Task objective:
Please set down, word for word, each line from the one containing "Next, the trailer (0,512,430,1189)." through the final line of the records below, both included, and nothing else.

▬▬▬

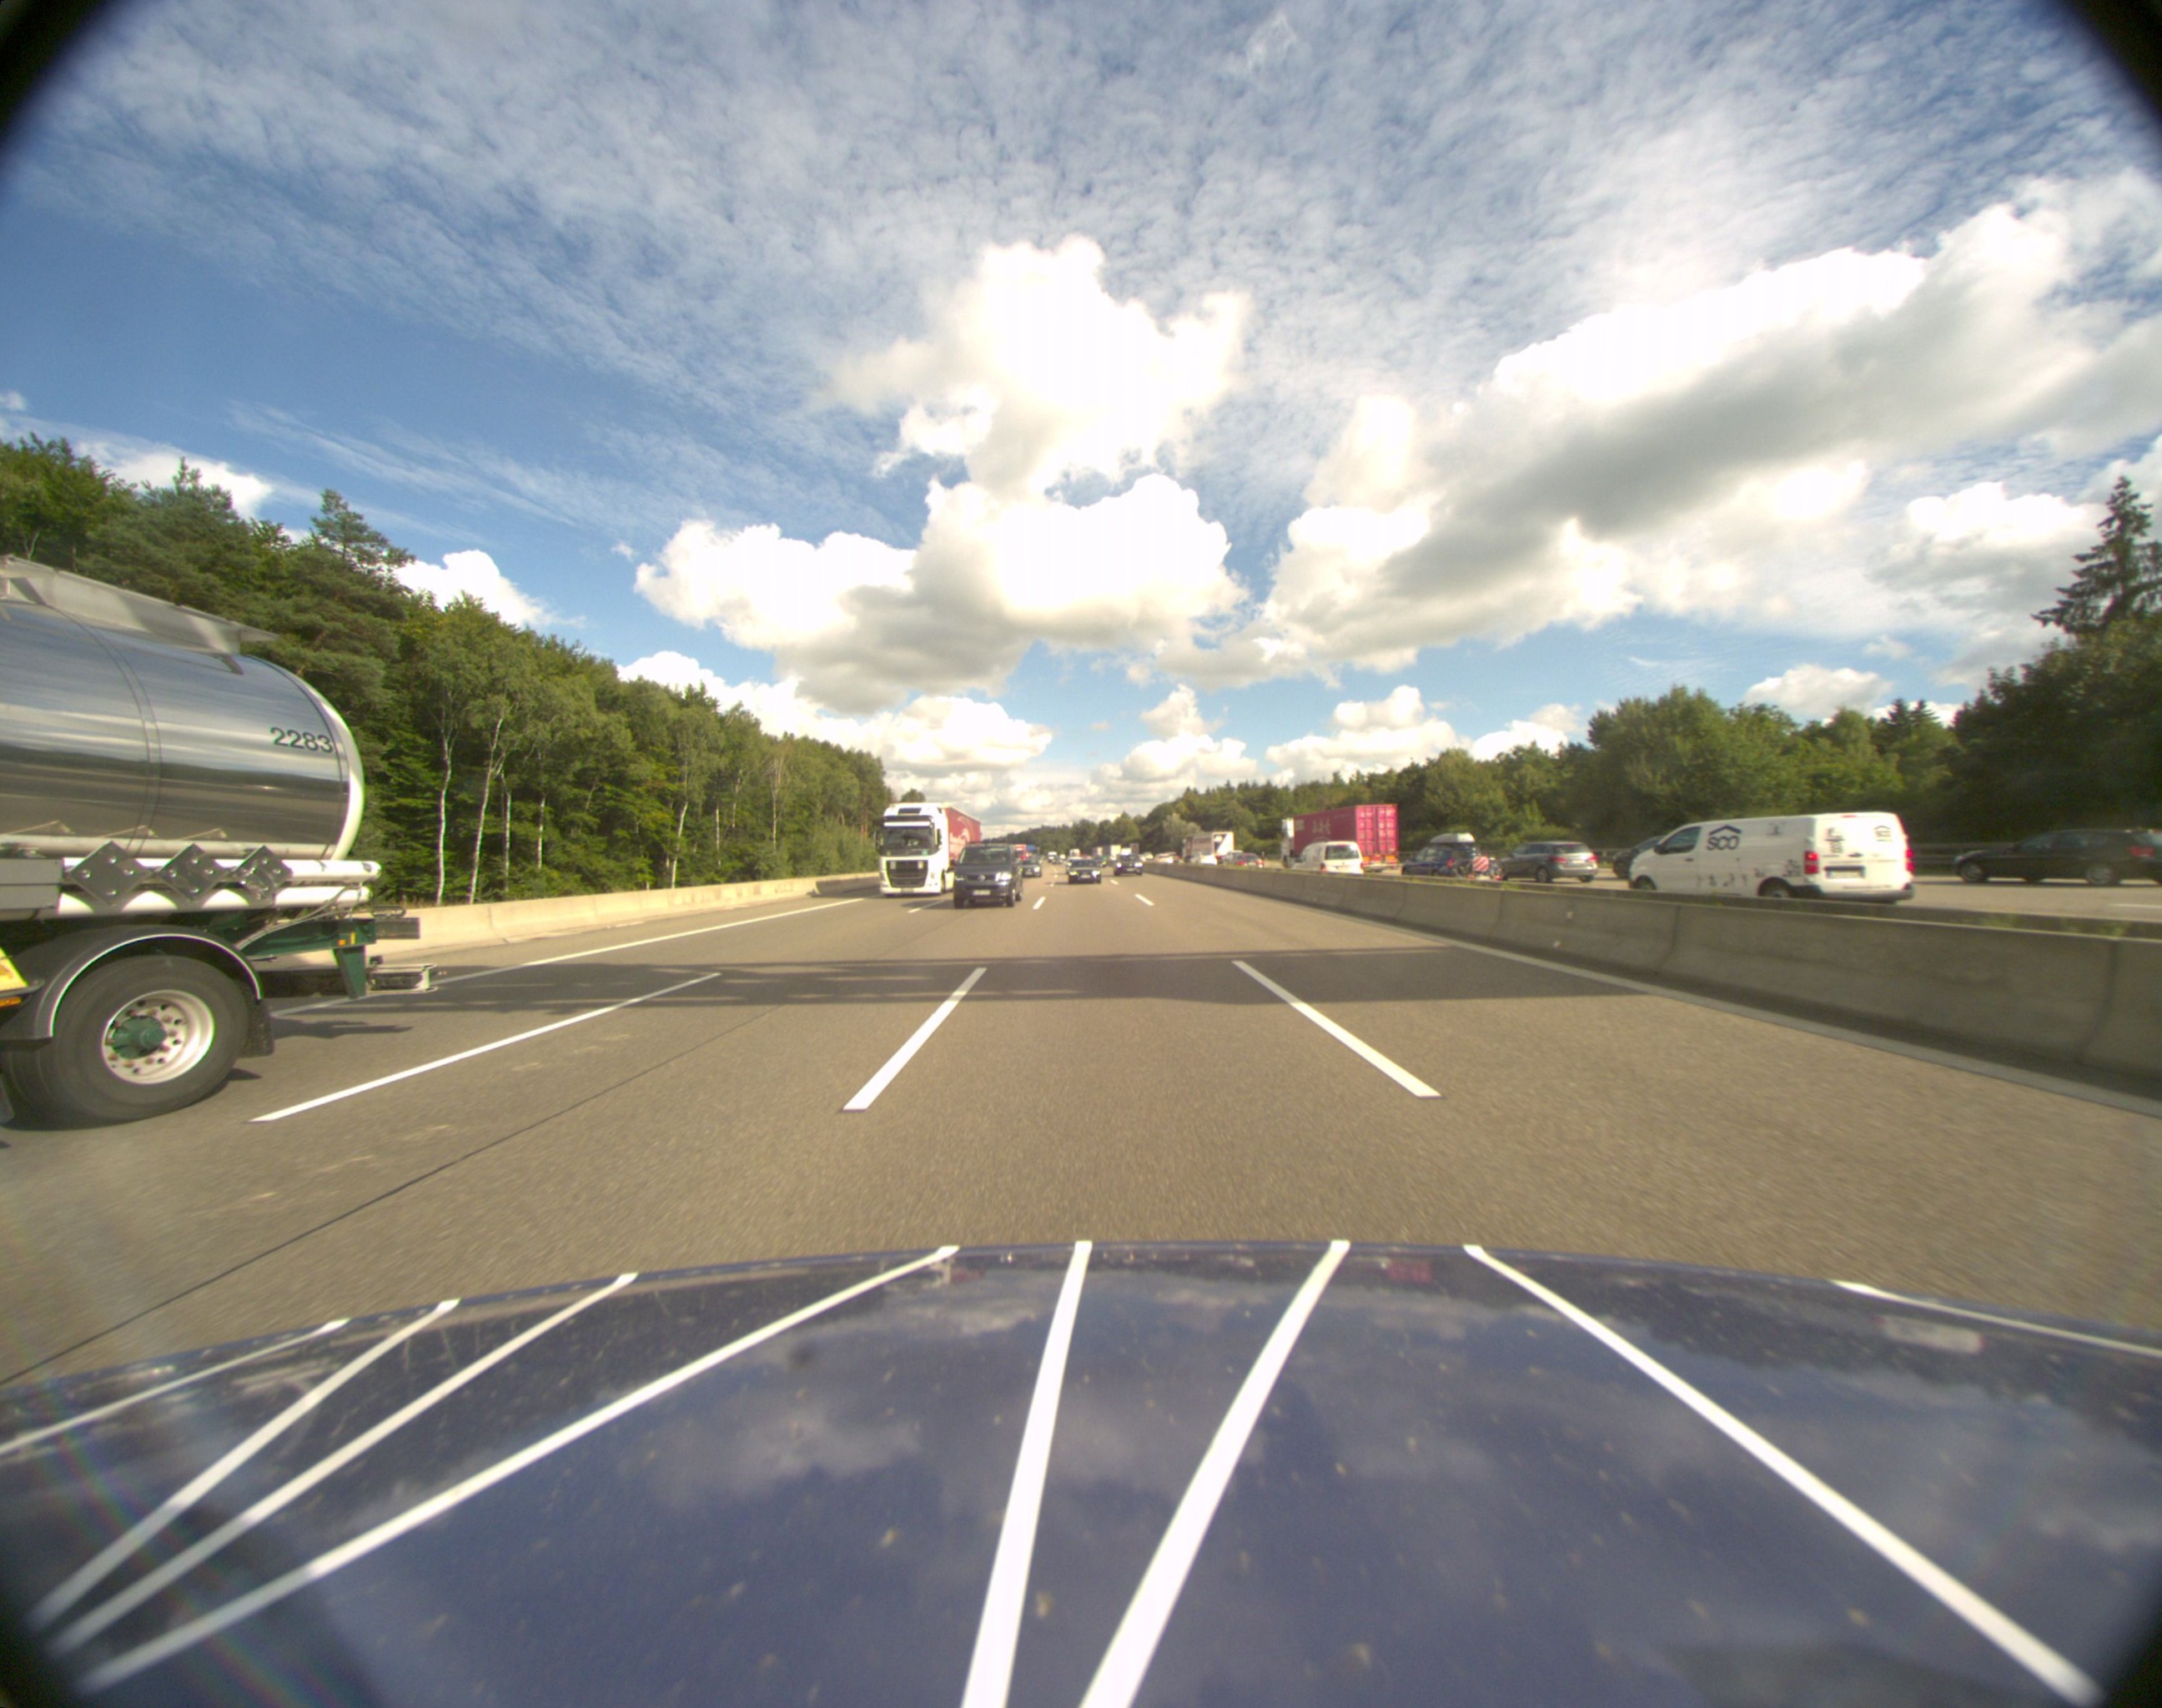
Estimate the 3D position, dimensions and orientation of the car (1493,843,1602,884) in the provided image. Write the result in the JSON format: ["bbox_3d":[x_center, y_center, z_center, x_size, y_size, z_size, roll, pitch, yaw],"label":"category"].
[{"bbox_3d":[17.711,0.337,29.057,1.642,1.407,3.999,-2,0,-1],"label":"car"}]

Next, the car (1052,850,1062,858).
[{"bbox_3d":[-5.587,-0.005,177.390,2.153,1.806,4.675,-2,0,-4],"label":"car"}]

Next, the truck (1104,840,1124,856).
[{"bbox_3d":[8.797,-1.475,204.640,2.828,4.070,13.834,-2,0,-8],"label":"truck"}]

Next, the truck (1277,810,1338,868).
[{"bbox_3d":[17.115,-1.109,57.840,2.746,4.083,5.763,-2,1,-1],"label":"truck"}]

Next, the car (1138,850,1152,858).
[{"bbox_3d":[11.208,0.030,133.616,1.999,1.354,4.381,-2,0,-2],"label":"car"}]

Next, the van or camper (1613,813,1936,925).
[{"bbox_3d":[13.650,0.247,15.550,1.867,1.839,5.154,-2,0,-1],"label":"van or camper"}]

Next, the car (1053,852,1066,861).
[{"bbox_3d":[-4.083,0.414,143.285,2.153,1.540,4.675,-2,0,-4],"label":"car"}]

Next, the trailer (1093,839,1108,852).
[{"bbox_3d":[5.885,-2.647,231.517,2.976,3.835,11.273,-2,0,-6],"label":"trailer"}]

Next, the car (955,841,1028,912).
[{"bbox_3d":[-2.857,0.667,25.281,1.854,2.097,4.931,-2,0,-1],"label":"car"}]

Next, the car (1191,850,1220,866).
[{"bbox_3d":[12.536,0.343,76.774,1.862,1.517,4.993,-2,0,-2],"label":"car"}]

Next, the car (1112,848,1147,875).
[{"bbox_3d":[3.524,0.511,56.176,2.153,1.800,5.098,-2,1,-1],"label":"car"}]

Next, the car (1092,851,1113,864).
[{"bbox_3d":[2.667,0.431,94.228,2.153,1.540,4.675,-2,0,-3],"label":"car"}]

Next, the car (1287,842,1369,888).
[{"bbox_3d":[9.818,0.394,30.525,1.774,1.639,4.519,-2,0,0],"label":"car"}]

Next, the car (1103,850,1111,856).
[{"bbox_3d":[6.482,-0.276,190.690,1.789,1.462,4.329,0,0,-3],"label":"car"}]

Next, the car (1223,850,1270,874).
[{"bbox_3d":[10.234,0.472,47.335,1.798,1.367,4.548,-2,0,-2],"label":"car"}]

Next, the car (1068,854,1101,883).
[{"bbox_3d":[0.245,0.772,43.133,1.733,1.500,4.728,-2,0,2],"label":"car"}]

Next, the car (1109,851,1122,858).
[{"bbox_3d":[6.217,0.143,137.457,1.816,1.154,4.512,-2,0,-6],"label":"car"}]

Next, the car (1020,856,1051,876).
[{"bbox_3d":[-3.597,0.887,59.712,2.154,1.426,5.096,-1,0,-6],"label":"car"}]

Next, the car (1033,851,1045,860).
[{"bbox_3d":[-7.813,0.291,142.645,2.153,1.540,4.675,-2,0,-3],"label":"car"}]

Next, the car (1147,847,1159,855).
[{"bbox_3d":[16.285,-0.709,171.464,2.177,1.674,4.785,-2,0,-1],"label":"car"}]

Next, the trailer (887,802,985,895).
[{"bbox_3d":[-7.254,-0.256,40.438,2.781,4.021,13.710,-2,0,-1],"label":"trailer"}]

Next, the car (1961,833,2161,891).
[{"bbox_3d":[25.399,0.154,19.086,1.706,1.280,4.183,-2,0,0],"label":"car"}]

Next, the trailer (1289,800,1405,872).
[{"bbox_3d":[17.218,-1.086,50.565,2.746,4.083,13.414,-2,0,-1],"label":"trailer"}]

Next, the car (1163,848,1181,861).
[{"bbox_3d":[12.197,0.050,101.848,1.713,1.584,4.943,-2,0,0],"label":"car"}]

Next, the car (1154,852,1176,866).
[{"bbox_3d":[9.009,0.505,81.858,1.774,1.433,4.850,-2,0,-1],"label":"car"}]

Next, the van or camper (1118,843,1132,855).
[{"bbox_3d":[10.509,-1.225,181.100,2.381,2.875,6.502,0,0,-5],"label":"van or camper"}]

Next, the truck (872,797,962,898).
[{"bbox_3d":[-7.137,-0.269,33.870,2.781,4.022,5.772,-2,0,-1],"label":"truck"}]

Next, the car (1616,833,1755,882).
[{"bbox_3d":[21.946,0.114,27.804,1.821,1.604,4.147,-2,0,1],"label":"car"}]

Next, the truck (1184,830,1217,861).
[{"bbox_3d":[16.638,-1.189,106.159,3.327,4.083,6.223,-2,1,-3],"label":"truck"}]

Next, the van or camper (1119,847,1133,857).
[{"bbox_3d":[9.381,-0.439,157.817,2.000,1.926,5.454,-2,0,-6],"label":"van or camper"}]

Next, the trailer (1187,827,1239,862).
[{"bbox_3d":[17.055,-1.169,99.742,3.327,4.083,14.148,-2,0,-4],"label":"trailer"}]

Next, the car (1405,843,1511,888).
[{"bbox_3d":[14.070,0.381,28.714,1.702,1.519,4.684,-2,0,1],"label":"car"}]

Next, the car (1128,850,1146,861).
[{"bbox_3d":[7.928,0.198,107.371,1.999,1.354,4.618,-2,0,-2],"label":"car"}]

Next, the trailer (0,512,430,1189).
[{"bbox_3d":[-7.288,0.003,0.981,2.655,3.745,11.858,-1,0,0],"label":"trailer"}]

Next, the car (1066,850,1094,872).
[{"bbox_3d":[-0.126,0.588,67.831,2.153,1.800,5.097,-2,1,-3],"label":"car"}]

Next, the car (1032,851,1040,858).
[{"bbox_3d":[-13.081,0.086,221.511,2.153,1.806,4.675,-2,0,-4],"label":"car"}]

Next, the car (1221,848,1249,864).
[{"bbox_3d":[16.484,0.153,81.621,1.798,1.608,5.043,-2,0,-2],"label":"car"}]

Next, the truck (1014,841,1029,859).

▬▬▬

Written solution:
Next, the trailer (0,512,430,1189).
[{"bbox_3d":[-7.288,0.003,0.981,2.655,3.745,11.858,-1,0,0],"label":"trailer"}]

Next, the car (1066,850,1094,872).
[{"bbox_3d":[-0.126,0.588,67.831,2.153,1.800,5.097,-2,1,-3],"label":"car"}]

Next, the car (1032,851,1040,858).
[{"bbox_3d":[-13.081,0.086,221.511,2.153,1.806,4.675,-2,0,-4],"label":"car"}]

Next, the car (1221,848,1249,864).
[{"bbox_3d":[16.484,0.153,81.621,1.798,1.608,5.043,-2,0,-2],"label":"car"}]

Next, the truck (1014,841,1029,859).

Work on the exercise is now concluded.